→ **Exercise requirements**
Could you retype only the lines from the one containing "#6 toy train [257,0,286,17]" through the final line of the entries, both included, skipping any images?

START Input records

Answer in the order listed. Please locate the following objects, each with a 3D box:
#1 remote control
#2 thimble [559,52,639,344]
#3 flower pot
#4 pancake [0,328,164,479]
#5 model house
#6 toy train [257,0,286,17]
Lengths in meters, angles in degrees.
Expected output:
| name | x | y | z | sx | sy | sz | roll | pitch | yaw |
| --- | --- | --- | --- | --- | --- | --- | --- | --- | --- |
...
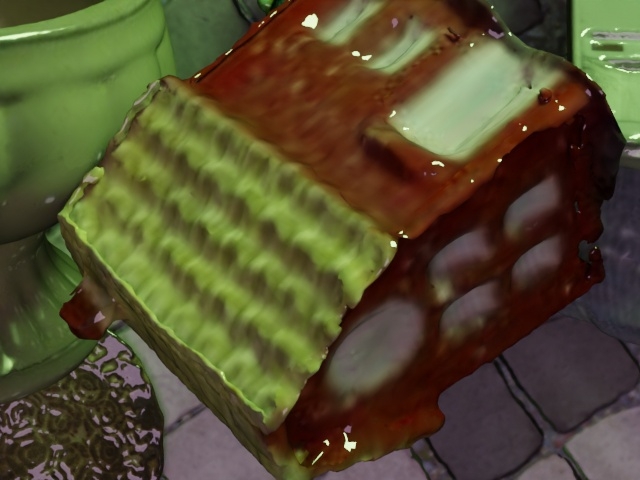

END Input records

→ **Exercise output**
#6 toy train [257,0,286,17]
Lengths in meters, angles in degrees.
Expected output:
| name | x | y | z | sx | sy | sz | roll | pitch | yaw |
| --- | --- | --- | --- | --- | --- | --- | --- | --- | --- |
...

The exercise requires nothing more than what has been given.